The story of the greed of the Van Rensselaer patroons is not a pretty one. They made use of the West India Company whenever it could serve them, and they fought the company relentlessly whenever this was to their advantage. The first patroon never set foot on the great Hudson River estate which be named Rensselaerswyck, but he gave much of his time to figuring out unethical ways by which his pocketbook might be made fat by traffic on his distant acres. He even ordered a fortified castle to be built on Barren Island at the southern end of his claimed dominion and attempted to enforce by arms a monopolistic edict prohibiting any trader not under contract to him from sailing into the waters of his patroonship.

As for his tenants, he treated them with hostile suspicion as stupid peasants and, claiming as excuse that they deceived him, bulldozed and cheated them. In the spring of 1639 he wrote to William Kieft, director of New Netherland: "I would not like to have my people get too wise and figure out their master’s profit, especially in matters in which they themselves are somewhat interested . . . these I would rather keep a secret between the company and myself. . . . I shall then be better able to trade with my people and to satisfy them." He set up a commissary at which he sold supplies to his tenants at outrageous profit to himself.

Most evil of all his machinations, if Maria, wife of his son Jeremias, is to be believed, he conceived the idea that he had founded Rensselaerswyck "in order that his children, with God’s mercy, might live off it and that they should not alienate it." Whether or not she told the truth, Maria affirmed this policy after the death of her husband (who dissented) and, though she and her progeny owned a property so vast they could hardly compute its extent, they thereafter refused to sell any of it.
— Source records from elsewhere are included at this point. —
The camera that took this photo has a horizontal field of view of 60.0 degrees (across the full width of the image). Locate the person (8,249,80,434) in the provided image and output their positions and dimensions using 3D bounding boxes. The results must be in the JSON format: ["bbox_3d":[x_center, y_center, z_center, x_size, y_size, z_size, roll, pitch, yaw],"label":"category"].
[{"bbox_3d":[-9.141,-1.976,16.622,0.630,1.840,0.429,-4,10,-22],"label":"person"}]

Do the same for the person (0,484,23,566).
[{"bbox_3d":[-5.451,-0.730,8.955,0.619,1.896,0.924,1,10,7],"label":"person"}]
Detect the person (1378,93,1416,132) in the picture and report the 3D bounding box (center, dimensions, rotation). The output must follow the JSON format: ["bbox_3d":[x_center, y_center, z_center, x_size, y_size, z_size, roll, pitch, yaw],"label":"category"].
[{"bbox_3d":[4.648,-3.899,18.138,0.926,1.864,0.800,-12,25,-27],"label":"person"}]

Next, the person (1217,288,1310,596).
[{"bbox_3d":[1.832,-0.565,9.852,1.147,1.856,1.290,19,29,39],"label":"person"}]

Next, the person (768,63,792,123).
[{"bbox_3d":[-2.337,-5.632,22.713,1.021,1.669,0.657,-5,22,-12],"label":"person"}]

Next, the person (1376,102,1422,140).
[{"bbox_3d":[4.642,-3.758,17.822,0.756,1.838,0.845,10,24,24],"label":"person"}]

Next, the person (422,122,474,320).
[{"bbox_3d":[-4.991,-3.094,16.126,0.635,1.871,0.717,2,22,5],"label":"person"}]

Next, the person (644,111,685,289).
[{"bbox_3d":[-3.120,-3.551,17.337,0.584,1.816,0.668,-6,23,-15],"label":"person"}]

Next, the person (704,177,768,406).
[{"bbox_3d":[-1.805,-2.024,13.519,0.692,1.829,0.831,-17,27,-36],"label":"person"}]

Thus was established a feudal sort of tenant system which was to torment the farmers of the Hudson valley into sporadic armed warfare over a period of two hundred years.

Perpetual Leaseholds
The perpetual leasehold by which a farmer might live in a house and till fields for his lifetime, provided that he agreed to give each year a share of his crops and his increase of livestock to the owner of the land, became the greatest single instrument of injustice in the whole history of the Hudson valley. Scornfully in 1650 Cornelis Van Tienhoven, secretary to the director general (then Pieter Stuyvesant), wrote to the High and Mighty Lords of the Dutch States-General that in Rensselaerswyck "no one down to the present time can possess a foot of land of his own but is obliged to take upon rent all the land which he cultivates."

Winning the war against the rents was to be more important to the tenants of the river farms during the two centuries of oppression that followed than winning the War of the Revolution, because unfair rents were an immediate local disaster that touched their daily lives. Many a rent-distressed countryman fought against the British in the earliest of America’s wars for democracy believing that, once the Revolution was won, the feudal system initiated by the first Van Rensselaer patroon would be abolished by a new republican government and the Tory-owned estates would be confiscated and divided up into small farms for independent and democratic farmers.

At the end of the long war, however, such idealists were to find that while the new government abolished the right of entail, by which the eldest son inherited the estate in its entirety on the death of his father, the rich river families who had supported General Washington were united in preserving their vast acres to their own uses and even adding to their holdings by absorbing the confiscated lands of the Tories. The tenant farmers were then forced to submit to the perpetuation of the unfair practices of the landlords, who made aristocratic pretensions in the democratic state, or fight. Again and again they chose to fight, but it was not until the middle of the nineteenth century that the special privileges of the holders of the Hudson estates were abolished.

The antirent struggle was a long war fought by successive generations and throughout two centuries it vitally affected the life of a large portion of the people who lived along the Hudson. It was a war between two ways of life, and the fundamental ideas of both had been brought to the river shores from the Old World. One was the way of the aristocrat, based on belief in the superiority of the few. It was Europe’s old way, destined to periodic revival. The other was the way of democracy, based on belief in the dignity and deserving of honest persons. The people, dreaming of a new land where men might have equal rights, fought for their river, claiming it as their own. The landholders, assuming aristocratic privilege, denied them.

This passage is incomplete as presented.